- Opening Delimiter -
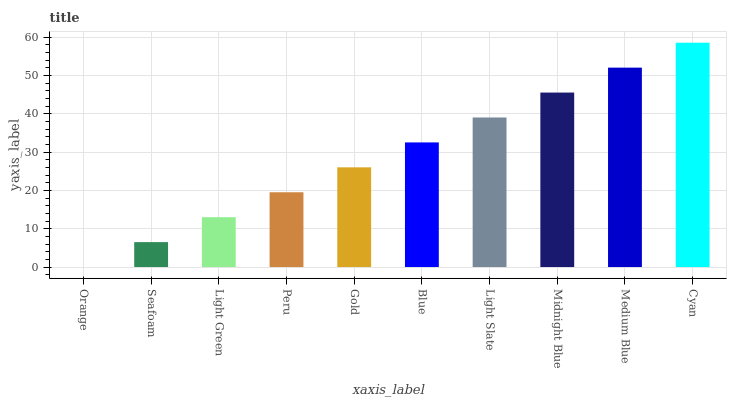Is Orange the minimum?
Answer yes or no. Yes. Is Cyan the maximum?
Answer yes or no. Yes. Is Seafoam the minimum?
Answer yes or no. No. Is Seafoam the maximum?
Answer yes or no. No. Is Seafoam greater than Orange?
Answer yes or no. Yes. Is Orange less than Seafoam?
Answer yes or no. Yes. Is Orange greater than Seafoam?
Answer yes or no. No. Is Seafoam less than Orange?
Answer yes or no. No. Is Blue the high median?
Answer yes or no. Yes. Is Gold the low median?
Answer yes or no. Yes. Is Midnight Blue the high median?
Answer yes or no. No. Is Cyan the low median?
Answer yes or no. No.
- Closing Delimiter -
● **What the exercise asks**: Copy out all the entries precisely. No images.

● **The completed task**:
Is Orange the minimum?
Answer yes or no. Yes. Is Cyan the maximum?
Answer yes or no. Yes. Is Seafoam the minimum?
Answer yes or no. No. Is Seafoam the maximum?
Answer yes or no. No. Is Seafoam greater than Orange?
Answer yes or no. Yes. Is Orange less than Seafoam?
Answer yes or no. Yes. Is Orange greater than Seafoam?
Answer yes or no. No. Is Seafoam less than Orange?
Answer yes or no. No. Is Blue the high median?
Answer yes or no. Yes. Is Gold the low median?
Answer yes or no. Yes. Is Midnight Blue the high median?
Answer yes or no. No. Is Cyan the low median?
Answer yes or no. No.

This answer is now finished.